2. Create the workflow file in a feature branch, push, open a PR.
3. Test by tagging a 0.0.0-prefixed tag on the branch — actually no, tags trigger the workflow only on default branch. To test the workflow without publishing, comment out the Publish-Module step temporarily and push a 99.99.99-test tag.
4. Once the dry-run is clean, remove the comment and push a real 2.0.2 tag (next time there's something to release).

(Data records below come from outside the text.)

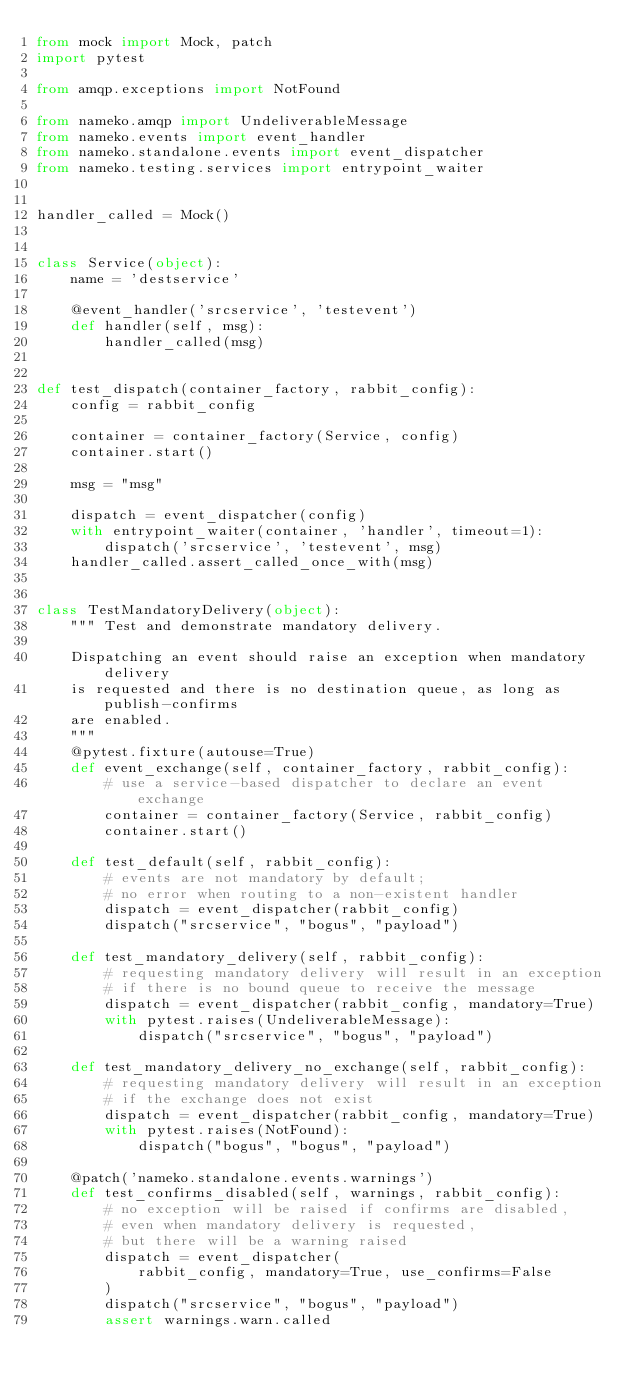<code> <loc_0><loc_0><loc_500><loc_500><_Python_>from mock import Mock, patch
import pytest

from amqp.exceptions import NotFound

from nameko.amqp import UndeliverableMessage
from nameko.events import event_handler
from nameko.standalone.events import event_dispatcher
from nameko.testing.services import entrypoint_waiter


handler_called = Mock()


class Service(object):
    name = 'destservice'

    @event_handler('srcservice', 'testevent')
    def handler(self, msg):
        handler_called(msg)


def test_dispatch(container_factory, rabbit_config):
    config = rabbit_config

    container = container_factory(Service, config)
    container.start()

    msg = "msg"

    dispatch = event_dispatcher(config)
    with entrypoint_waiter(container, 'handler', timeout=1):
        dispatch('srcservice', 'testevent', msg)
    handler_called.assert_called_once_with(msg)


class TestMandatoryDelivery(object):
    """ Test and demonstrate mandatory delivery.

    Dispatching an event should raise an exception when mandatory delivery
    is requested and there is no destination queue, as long as publish-confirms
    are enabled.
    """
    @pytest.fixture(autouse=True)
    def event_exchange(self, container_factory, rabbit_config):
        # use a service-based dispatcher to declare an event exchange
        container = container_factory(Service, rabbit_config)
        container.start()

    def test_default(self, rabbit_config):
        # events are not mandatory by default;
        # no error when routing to a non-existent handler
        dispatch = event_dispatcher(rabbit_config)
        dispatch("srcservice", "bogus", "payload")

    def test_mandatory_delivery(self, rabbit_config):
        # requesting mandatory delivery will result in an exception
        # if there is no bound queue to receive the message
        dispatch = event_dispatcher(rabbit_config, mandatory=True)
        with pytest.raises(UndeliverableMessage):
            dispatch("srcservice", "bogus", "payload")

    def test_mandatory_delivery_no_exchange(self, rabbit_config):
        # requesting mandatory delivery will result in an exception
        # if the exchange does not exist
        dispatch = event_dispatcher(rabbit_config, mandatory=True)
        with pytest.raises(NotFound):
            dispatch("bogus", "bogus", "payload")

    @patch('nameko.standalone.events.warnings')
    def test_confirms_disabled(self, warnings, rabbit_config):
        # no exception will be raised if confirms are disabled,
        # even when mandatory delivery is requested,
        # but there will be a warning raised
        dispatch = event_dispatcher(
            rabbit_config, mandatory=True, use_confirms=False
        )
        dispatch("srcservice", "bogus", "payload")
        assert warnings.warn.called
</code> 
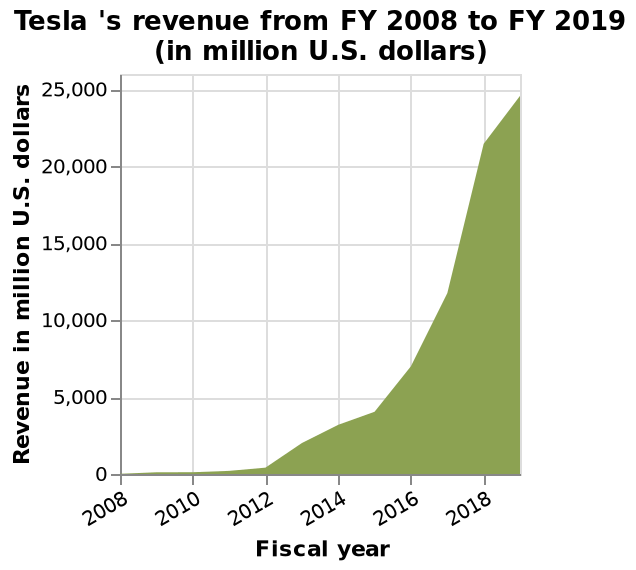<image>
What is the title of the area chart?  The area chart is titled "Tesla's revenue from FY 2008 to FY 2019 (in million U.S. dollars)." What can be said about the subject's rise in recent years? The subject has risen dramatically in recent years, particularly from 2015 onwards. What is the time range depicted on the x-axis of the area chart? The time range depicted on the x-axis of the area chart is from fiscal year 2008 to fiscal year 2019.

5. Update README to mention the attestation: add a "Verifying the build" section pointing at gh attestation verify.

References

• actions/attest-build-provenance — the action used.

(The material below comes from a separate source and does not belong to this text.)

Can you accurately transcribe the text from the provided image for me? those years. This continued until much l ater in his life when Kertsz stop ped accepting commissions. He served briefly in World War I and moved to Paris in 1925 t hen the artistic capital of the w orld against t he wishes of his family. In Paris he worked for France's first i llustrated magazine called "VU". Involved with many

• Using artifact attestations to establish provenance for builds — official GitHub guide.
• gh attestation verify manual — verification command reference.

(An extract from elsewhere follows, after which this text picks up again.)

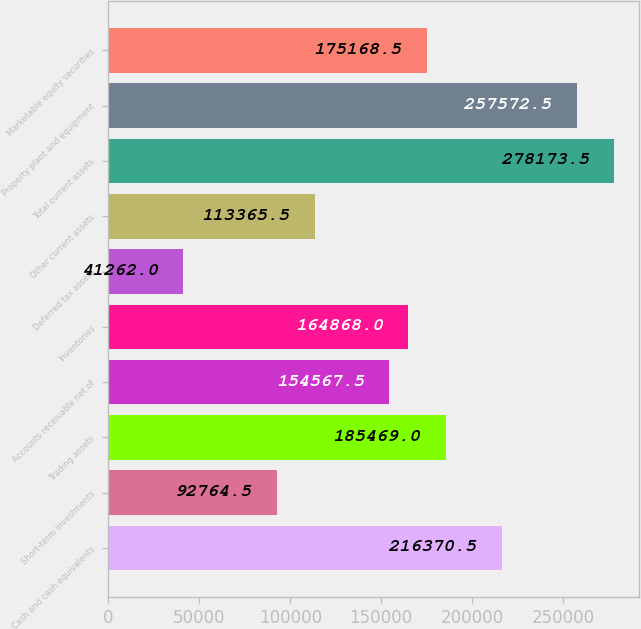Convert chart to OTSL. <chart><loc_0><loc_0><loc_500><loc_500><bar_chart><fcel>Cash and cash equivalents<fcel>Short-term investments<fcel>Trading assets<fcel>Accounts receivable net of<fcel>Inventories<fcel>Deferred tax assets<fcel>Other current assets<fcel>Total current assets<fcel>Property plant and equipment<fcel>Marketable equity securities<nl><fcel>216370<fcel>92764.5<fcel>185469<fcel>154568<fcel>164868<fcel>41262<fcel>113366<fcel>278174<fcel>257572<fcel>175168<nl></chart> 
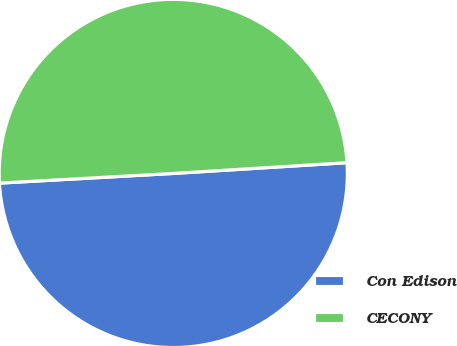Convert chart to OTSL. <chart><loc_0><loc_0><loc_500><loc_500><pie_chart><fcel>Con Edison<fcel>CECONY<nl><fcel>50.1%<fcel>49.9%<nl></chart>

• Publish-Module reference — PSGallery publish cmdlet.
• softprops/action-gh-release — action used to create the GitHub Release.
• PSGallery API keys — where to manage your keys (reachable only when signed in).
• Repo secrets settings — where the PSGALLERY_API_KEY secret lives.

Out of scope

• Authenticode code signing (separate higher-cost path; Microsoft Trusted Signing or a commercial cert from DigiCert/Sectigo). Could be added later if a corporate user requests it.
• Sigstore signing (emerging, not yet integrated with PSGallery verification).
• Strong-name signing the assembly (legacy .NET concept; not relevant for this module).